Kenampakan alam di wilayah daratan merupakan bagian dari permukaan bumi yang tidak digenangi air dan berbentuk padat. Wilayah daratan di Indonesia memiliki tanah yang subur sehingga menyebabkan curah hujan yang teratur dan banyaknya gunung berapi sehingga dimanfaatkan sebagai tempat berpijak dan sumber kehidupan manusia.

Kenampakan Alam yang termasuk wilayah daratan yaitu :

Dataran Tinggi

Dataran tinggi (disebut juga plateau atau plato) adalah dataran yang luas terletak pada ketinggian 300-600 meter di atas permukaan laut. Dataran tinggi berada di daerah pegunungan atau dikelilingi oleh bukit-bukit sehingga udaranya sangat dingin dan segar.

Dataran tinggi terbentuk sebagai hasil erosi dan sedimentasi. Dataran tinggi bisa juga terjadi oleh bekas kaldera luas, yang tertimbun material dari lereng gunung sekitarnya.

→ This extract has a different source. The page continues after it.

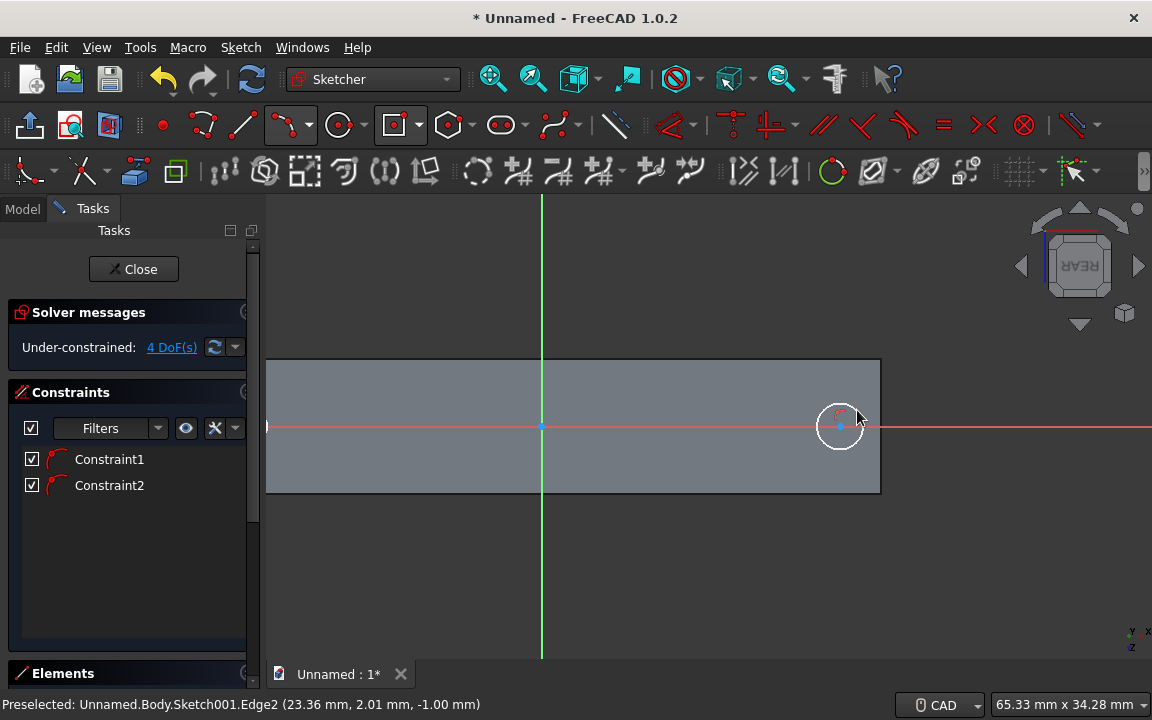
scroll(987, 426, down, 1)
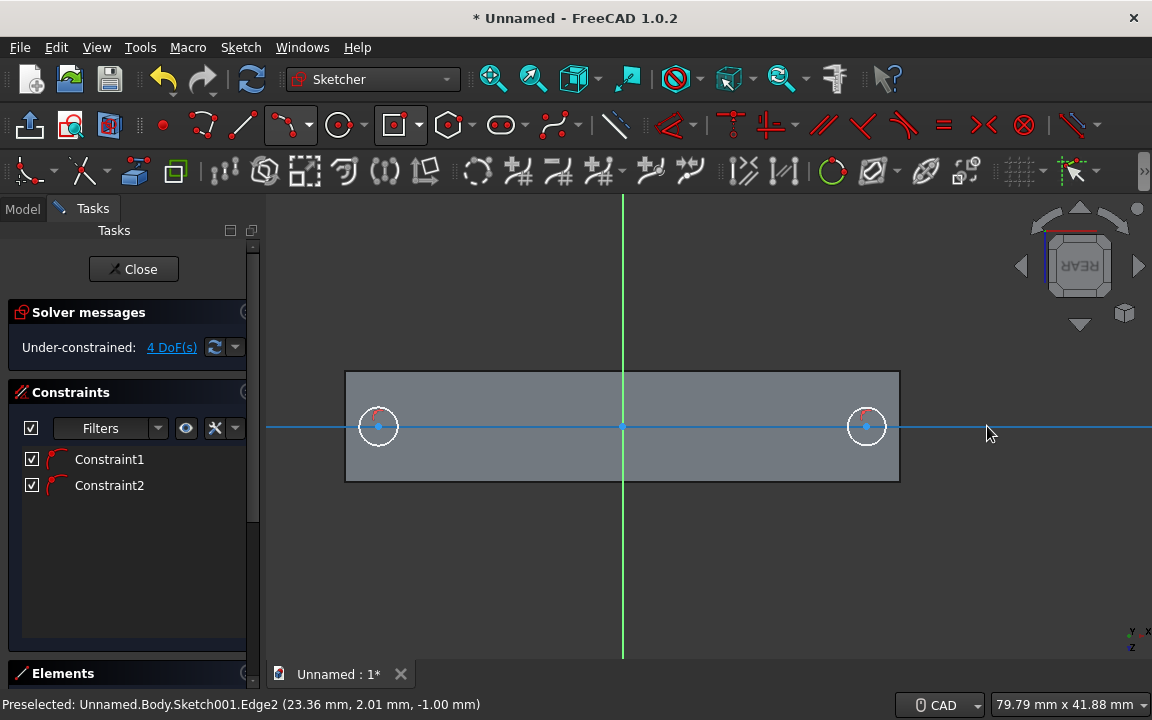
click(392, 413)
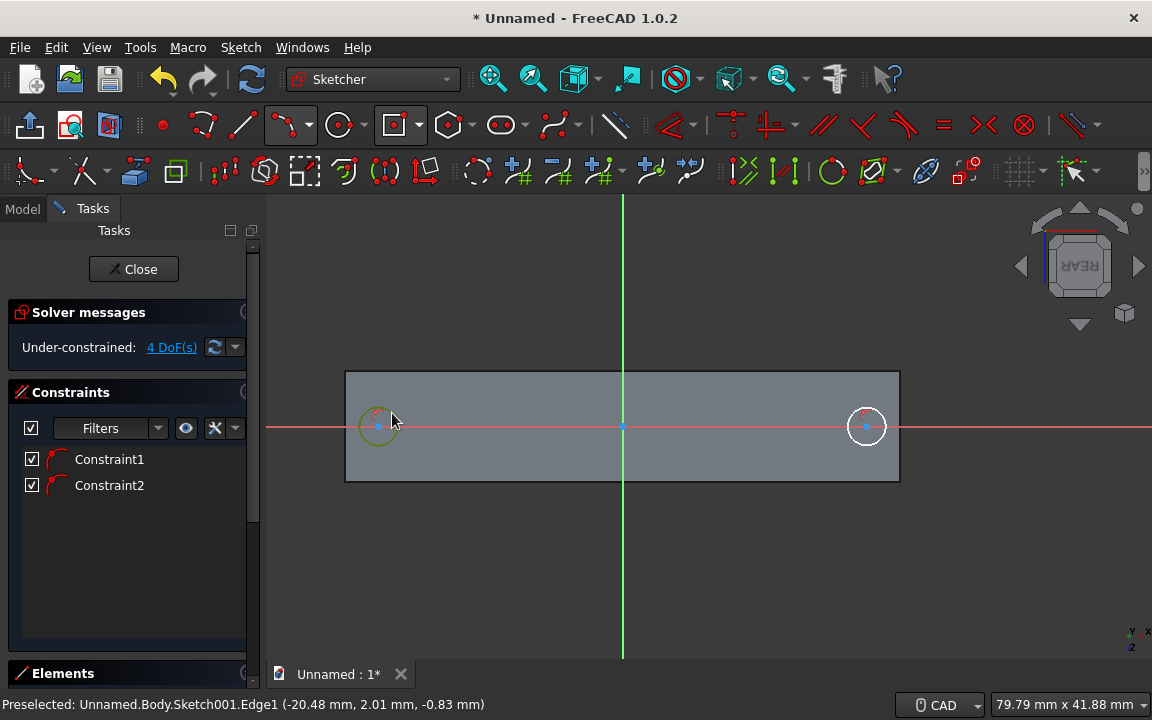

Dataran tinggi banyak dimanfaatkan sebagai lahan perkebunan seperti teh, kopi, bunga, sayuran dan sebagainya serta sebagai tempat pariwisata dan tempat peristirahatan.

Dataran Tinggi Dekkan,

Dataran Tinggi Gayo,

Dataran Tinggi Dieng,

Dataran Tinggi Malang

Dataran Tinggi Alas.

Dataran Rendah

Dataran rendah merupakan wilayah dataran yang relatif datar, luas dan memiliki ketinggian kurang dari 200 meter di atas permukaan laut. Di Indonesia daerah dataran rendah merupakan daerah yang penuh dengan kedinamisan dan kegiatan penduduk yang sangat beragam.

Daerah dataran rendah cocok dijadikan wilayah pertanian, perkebunan, peternakan, kegiatan, industri, dan sentra-sentra bisnis.

Contoh dataran rendah :

Dataran rendah Surakarta berada pada ketinggian 100 meter di atas permukaan laut. Di sebelah barat dan timur masing-masing diapit oleh gunung Merapi dan gunung Lawu. Wilayah dataran rendah ini cocok untuk bercocok tanam sayuran dan buah.

Dataran rendah Semarang terletak pada posisi 4km dari garis pantai. Wilayah ini memiliki kemiringan antara 0%-2%.

Dataran rendah Palembang memiliki luas wilayah 102,47km2. Dataran rendah ini memiliki ketinggian rata-rata 8 meter di atas permukaan laut. Suhu udara di wilayah ini berkisar antara (23,4 - 31,7)oC.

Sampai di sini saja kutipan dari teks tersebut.